I graduated top of my class. Got into a fast-track business program that led to an accounting internship with a major firm. I found my footing in finance, something I'd once sworn I'd never touch.
Numbers were easier than people. You didn't have to explain why you changed directions with numbers. You just made them add up.
By the time I turned twenty-five, I was already getting recruitment offers from companies I used to dream of. My resume was clean. My life was organized. I had a color-coded planner and an apartment with a view and a boyfriend who ticked every box.
Cameron.
He was steady. Safe. Patient in all the ways I wasn't. We met at a networking event—he made a joke about the catering, I laughed too hard, and somehow that turned into dinner.
He never rushed me. Never pushed for answers when I'd go quiet at the mention of my hometown. When I told him there was something complicated back there, he just kissed my forehead and said, "You'll tell me when you're ready."
We were together for two years before I decided to go home.
It started as a job offer. One of the top firms in the state reached out with a role that felt tailored to me—finance, strategy, cross-department management. The kind of move that could lead to director-level in under three years.

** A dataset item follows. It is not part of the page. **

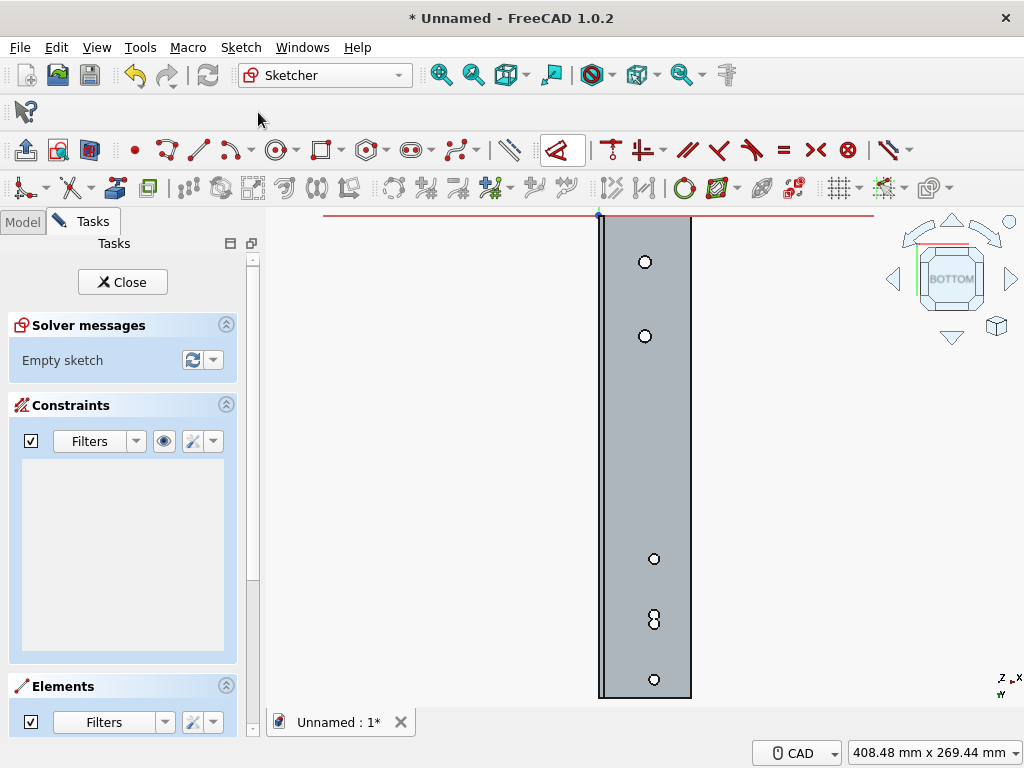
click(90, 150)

But returning home wasn't about the job.
Not really.
It was about the ache I'd kept buried for too long. The guilt I hadn't unpacked. The questions that never stopped circling my brain. Did Kelvin hate me? Did Josh ever find out? What would I even say if I saw them again?
And beneath all that—quiet, buried, but never fully gone—was the memory of Eli's hands. The sound of his voice in the dark. The way it felt right until I remembered it was him.
Cameron didn't hesitate when I told him about the job. "Go," he said. "I'll visit. We'll figure it out."
He trusted me.
And that's what scared me most.
Because part of me wasn't just going back for work. I was going back to face the moment I ran from. To see the person I betrayed. The person I tried so hard not to want.
And if kelvin was still there… I didn't know what I'd do.
But I was tired of pretending I'd healed without closure.
Tired of living like my past couldn't still touch me.
So I packed my bags. Told Cameron I'd call when I landed.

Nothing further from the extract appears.